_RECORDS TO USE_.

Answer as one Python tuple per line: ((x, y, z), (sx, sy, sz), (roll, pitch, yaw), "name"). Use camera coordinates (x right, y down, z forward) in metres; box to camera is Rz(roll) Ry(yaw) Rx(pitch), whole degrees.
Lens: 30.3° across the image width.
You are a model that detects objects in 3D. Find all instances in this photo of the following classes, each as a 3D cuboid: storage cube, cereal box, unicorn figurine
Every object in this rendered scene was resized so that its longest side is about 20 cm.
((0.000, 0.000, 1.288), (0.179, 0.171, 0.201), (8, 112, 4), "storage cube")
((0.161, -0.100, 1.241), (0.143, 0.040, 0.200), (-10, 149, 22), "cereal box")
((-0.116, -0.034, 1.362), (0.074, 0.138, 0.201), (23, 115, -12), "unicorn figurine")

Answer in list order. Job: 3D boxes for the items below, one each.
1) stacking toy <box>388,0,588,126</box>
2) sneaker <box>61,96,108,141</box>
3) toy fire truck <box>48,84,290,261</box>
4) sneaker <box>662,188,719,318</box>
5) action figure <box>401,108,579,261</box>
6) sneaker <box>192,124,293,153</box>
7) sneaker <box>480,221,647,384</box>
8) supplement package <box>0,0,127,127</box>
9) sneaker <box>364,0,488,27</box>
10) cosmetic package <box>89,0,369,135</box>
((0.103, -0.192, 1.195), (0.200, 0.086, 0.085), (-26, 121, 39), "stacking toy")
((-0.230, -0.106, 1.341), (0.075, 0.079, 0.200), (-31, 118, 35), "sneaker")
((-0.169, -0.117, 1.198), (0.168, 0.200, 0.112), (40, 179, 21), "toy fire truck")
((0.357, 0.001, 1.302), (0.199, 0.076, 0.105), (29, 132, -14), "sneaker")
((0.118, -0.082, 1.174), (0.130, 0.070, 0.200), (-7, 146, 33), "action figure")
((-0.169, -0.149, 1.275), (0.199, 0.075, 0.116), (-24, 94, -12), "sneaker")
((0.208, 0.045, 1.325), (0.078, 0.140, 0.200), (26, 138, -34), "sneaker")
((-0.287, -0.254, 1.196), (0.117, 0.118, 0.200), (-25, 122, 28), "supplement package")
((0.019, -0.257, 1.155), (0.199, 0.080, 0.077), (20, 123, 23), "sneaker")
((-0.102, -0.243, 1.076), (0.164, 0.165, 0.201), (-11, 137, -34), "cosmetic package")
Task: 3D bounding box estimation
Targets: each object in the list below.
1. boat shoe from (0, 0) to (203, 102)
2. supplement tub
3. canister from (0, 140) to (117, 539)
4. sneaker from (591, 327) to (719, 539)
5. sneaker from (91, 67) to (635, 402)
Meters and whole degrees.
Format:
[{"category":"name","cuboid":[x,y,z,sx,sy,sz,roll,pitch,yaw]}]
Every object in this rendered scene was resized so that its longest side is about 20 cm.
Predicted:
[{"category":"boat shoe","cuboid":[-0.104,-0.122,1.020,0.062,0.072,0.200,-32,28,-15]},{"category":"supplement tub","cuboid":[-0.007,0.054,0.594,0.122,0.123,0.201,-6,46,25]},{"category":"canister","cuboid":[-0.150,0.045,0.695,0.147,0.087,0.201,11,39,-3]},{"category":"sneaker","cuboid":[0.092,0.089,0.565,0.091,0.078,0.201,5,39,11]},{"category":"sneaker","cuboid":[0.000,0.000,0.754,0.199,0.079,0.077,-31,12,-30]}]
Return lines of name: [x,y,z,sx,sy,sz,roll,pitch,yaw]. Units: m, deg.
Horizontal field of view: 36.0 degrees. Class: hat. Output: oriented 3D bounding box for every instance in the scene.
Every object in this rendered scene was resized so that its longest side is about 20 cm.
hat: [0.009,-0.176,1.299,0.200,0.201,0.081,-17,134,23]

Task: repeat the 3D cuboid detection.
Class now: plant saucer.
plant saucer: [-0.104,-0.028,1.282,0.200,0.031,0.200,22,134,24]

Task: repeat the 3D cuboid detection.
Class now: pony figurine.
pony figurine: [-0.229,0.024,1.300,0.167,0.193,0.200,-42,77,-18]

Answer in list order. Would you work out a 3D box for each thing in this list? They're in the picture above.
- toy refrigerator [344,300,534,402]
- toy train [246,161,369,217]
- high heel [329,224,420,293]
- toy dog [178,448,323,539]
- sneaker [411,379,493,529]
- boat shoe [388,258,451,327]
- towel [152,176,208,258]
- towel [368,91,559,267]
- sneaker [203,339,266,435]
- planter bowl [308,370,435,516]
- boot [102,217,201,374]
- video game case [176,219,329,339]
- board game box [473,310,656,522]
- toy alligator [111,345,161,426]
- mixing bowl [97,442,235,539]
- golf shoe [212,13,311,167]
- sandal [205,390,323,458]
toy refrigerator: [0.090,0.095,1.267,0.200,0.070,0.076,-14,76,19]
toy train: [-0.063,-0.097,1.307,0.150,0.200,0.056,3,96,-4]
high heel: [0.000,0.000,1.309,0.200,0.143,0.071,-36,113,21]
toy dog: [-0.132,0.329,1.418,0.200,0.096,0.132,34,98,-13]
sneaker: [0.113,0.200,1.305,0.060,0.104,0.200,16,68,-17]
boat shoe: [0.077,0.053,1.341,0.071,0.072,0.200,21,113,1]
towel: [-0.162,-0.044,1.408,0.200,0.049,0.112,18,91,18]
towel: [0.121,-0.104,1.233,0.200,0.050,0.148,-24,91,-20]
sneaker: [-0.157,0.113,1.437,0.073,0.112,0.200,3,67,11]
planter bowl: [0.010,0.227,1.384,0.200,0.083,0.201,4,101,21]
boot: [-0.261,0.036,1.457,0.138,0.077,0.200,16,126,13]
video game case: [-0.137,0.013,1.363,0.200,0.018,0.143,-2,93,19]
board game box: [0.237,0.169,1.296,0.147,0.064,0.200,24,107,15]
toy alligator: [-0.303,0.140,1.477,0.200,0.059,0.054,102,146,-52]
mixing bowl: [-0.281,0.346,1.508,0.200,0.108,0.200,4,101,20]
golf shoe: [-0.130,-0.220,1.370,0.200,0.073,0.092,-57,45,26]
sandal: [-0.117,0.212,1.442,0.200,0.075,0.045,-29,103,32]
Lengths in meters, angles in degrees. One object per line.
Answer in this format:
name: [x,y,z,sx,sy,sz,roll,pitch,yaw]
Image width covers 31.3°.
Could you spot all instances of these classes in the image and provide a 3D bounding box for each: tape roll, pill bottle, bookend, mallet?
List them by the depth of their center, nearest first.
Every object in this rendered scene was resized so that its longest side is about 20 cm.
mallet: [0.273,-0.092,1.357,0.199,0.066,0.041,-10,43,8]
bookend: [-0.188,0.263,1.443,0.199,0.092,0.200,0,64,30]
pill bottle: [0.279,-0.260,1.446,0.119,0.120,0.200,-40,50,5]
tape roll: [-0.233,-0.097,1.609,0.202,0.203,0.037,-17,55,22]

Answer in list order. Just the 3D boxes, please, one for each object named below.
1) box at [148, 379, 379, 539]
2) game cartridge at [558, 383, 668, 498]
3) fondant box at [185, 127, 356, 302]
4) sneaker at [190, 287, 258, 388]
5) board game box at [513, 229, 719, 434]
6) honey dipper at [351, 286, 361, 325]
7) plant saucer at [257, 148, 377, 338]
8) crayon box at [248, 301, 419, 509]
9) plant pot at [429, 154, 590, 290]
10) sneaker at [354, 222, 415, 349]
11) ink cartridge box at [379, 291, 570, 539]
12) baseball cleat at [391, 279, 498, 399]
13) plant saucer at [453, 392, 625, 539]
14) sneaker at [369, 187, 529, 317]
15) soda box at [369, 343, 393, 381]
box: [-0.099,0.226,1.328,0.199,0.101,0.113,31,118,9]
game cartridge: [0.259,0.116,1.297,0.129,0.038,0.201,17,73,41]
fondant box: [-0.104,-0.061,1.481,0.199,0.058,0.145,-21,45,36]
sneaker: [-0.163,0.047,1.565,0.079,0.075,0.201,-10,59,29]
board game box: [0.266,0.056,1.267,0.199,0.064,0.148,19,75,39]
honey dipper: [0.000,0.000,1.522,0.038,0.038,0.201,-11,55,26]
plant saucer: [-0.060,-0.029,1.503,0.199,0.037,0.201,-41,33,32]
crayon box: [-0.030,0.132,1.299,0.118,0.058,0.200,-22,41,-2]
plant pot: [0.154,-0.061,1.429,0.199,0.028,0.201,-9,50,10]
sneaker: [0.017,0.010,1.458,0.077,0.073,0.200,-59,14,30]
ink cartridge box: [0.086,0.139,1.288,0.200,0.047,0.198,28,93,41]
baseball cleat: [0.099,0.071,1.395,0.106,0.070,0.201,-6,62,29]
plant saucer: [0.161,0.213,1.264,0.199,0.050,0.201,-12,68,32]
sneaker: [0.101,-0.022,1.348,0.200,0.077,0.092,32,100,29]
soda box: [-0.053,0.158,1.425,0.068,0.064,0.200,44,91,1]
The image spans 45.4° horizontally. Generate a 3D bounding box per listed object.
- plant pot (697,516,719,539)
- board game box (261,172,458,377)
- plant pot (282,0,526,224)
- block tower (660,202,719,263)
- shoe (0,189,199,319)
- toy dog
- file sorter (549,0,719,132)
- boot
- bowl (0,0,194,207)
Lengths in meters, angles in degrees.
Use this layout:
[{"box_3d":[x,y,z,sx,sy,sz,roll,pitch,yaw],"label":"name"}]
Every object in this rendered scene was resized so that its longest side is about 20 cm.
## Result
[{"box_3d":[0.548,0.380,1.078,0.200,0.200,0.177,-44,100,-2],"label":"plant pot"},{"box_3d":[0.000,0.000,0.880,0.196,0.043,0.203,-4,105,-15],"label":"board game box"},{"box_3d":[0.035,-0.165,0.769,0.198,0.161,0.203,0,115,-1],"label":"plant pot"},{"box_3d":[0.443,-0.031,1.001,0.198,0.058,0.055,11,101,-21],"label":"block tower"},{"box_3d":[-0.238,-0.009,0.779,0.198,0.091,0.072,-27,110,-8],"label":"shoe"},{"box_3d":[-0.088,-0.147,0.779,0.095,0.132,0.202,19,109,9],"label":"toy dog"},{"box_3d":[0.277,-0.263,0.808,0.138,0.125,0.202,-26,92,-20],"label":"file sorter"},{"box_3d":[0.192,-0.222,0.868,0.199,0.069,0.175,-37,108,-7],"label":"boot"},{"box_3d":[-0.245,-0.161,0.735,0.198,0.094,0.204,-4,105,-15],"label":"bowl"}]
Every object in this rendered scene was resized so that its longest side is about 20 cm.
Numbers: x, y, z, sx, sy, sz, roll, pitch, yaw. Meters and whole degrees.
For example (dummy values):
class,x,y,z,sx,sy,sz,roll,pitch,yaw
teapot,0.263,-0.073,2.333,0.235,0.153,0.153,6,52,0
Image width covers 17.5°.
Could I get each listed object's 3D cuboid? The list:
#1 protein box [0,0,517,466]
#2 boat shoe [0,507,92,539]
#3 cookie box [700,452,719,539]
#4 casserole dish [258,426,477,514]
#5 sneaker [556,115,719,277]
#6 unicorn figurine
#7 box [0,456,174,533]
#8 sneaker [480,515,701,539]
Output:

_GOAL OF THE EXERCISE_. Beginning with the very first line of the material above, give each line again exactly, ending with the line that contains "Lens: 30.3° across the image width.".

_TASK RESULT_.
Answer as one Python tuple per line: ((x, y, z), (sx, sy, sz), (roll, pitch, yaw), "name"). Use camera coordinates (x right, y down, z forward) in metres; box to camera is Rz(roll) Ry(yaw) Rx(pitch), whole degrees.
Lens: 30.3° across the image width.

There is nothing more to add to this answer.